Aim of the task.
In the listing below, find the line containing "- state of the transformer" and the line containing "experience (Experience): the". Repeat exactly those two lines and every line between them, nothing more.

The data.
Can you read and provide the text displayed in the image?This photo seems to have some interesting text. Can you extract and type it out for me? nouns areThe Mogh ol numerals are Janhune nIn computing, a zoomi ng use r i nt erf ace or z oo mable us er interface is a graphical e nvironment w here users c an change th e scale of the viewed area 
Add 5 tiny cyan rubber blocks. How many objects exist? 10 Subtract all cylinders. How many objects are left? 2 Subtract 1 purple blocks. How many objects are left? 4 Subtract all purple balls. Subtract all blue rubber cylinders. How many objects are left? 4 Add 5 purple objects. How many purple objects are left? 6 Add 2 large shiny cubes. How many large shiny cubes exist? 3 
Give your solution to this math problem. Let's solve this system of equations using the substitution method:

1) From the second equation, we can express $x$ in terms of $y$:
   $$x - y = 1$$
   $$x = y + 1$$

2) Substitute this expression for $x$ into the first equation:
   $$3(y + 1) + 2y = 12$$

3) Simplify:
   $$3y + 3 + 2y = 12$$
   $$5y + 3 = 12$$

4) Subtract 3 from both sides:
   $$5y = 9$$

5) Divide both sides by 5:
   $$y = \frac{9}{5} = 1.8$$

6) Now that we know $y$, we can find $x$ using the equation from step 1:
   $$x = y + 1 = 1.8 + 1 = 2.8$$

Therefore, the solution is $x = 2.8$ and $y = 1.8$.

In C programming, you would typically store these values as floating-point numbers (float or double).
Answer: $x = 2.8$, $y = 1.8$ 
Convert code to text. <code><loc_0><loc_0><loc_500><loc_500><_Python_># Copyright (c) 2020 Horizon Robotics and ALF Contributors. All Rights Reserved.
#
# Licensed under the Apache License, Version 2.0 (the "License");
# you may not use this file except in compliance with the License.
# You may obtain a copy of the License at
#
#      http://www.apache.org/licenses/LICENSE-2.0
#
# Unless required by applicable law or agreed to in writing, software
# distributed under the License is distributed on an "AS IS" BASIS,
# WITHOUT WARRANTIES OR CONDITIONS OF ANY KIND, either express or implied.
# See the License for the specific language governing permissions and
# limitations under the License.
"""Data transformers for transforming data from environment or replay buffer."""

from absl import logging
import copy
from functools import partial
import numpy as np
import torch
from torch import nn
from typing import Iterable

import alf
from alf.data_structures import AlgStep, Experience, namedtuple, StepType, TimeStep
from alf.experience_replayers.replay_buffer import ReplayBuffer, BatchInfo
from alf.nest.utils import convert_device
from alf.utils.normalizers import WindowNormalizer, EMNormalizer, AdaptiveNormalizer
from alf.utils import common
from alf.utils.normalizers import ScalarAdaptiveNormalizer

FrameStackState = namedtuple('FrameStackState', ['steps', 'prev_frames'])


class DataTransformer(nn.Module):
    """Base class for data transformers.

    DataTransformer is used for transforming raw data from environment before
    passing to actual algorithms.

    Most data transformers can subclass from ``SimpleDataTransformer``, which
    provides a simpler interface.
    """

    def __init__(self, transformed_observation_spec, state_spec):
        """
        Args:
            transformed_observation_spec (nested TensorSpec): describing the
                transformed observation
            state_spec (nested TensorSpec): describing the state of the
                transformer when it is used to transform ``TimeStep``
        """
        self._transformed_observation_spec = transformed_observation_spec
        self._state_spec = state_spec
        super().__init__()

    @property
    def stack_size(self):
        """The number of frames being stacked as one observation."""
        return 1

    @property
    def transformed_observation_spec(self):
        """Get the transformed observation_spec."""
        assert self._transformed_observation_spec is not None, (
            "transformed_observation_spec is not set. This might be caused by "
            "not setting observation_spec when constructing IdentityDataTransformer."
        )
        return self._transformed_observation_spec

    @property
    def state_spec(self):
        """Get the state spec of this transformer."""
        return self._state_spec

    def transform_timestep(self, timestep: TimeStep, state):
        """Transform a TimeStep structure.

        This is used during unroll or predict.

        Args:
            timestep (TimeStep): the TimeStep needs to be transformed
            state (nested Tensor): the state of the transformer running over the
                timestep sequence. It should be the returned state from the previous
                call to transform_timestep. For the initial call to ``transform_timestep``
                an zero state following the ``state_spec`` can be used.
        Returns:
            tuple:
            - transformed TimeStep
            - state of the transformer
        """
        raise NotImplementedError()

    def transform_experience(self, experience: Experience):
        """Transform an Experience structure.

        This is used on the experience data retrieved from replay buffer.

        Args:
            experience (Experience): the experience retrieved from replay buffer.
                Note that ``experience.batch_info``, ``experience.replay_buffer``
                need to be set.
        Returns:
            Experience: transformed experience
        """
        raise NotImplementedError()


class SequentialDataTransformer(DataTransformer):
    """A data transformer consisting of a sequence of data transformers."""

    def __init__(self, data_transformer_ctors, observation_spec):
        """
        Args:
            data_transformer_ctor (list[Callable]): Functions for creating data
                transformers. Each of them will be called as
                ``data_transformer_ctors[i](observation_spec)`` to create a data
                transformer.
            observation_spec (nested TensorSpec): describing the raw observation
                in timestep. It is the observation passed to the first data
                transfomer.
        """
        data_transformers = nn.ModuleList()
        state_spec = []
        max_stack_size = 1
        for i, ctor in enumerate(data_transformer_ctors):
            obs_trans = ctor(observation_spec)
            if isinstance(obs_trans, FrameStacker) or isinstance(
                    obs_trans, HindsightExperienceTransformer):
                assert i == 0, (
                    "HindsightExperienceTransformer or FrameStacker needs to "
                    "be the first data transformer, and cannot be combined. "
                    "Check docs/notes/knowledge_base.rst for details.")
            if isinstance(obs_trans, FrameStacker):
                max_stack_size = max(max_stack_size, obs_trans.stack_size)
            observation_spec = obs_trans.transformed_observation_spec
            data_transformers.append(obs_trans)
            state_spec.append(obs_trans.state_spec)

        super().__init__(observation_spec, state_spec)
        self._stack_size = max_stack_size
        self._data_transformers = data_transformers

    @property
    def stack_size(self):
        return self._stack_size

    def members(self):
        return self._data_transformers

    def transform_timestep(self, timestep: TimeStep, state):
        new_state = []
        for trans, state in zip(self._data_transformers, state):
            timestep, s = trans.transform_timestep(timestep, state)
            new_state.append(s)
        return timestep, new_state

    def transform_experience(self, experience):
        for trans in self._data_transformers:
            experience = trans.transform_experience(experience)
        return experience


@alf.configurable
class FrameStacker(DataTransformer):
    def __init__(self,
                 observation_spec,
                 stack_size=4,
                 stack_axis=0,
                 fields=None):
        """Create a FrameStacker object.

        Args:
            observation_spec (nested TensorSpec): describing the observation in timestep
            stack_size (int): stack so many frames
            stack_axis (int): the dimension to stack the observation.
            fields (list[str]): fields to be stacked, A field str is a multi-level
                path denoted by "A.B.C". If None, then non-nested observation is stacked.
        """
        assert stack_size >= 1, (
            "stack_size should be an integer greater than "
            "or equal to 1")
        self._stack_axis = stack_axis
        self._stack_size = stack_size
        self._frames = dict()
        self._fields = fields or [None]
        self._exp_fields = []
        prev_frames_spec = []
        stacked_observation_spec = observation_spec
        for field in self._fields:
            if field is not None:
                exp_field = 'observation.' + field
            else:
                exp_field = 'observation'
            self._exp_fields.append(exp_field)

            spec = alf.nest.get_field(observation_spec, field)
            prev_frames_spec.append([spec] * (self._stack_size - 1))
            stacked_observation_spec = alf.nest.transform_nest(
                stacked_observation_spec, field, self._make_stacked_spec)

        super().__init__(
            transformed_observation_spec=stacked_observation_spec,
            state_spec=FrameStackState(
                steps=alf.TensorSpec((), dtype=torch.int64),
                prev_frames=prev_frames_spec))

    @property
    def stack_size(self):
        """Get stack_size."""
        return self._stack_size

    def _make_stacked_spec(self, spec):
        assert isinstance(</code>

Expected answer.
            - state of the transformer
        """
        raise NotImplementedError()

    def transform_experience(self, experience: Experience):
        """Transform an Experience structure.

        This is used on the experience data retrieved from replay buffer.

        Args:
            experience (Experience): the experience retrieved from replay buffer.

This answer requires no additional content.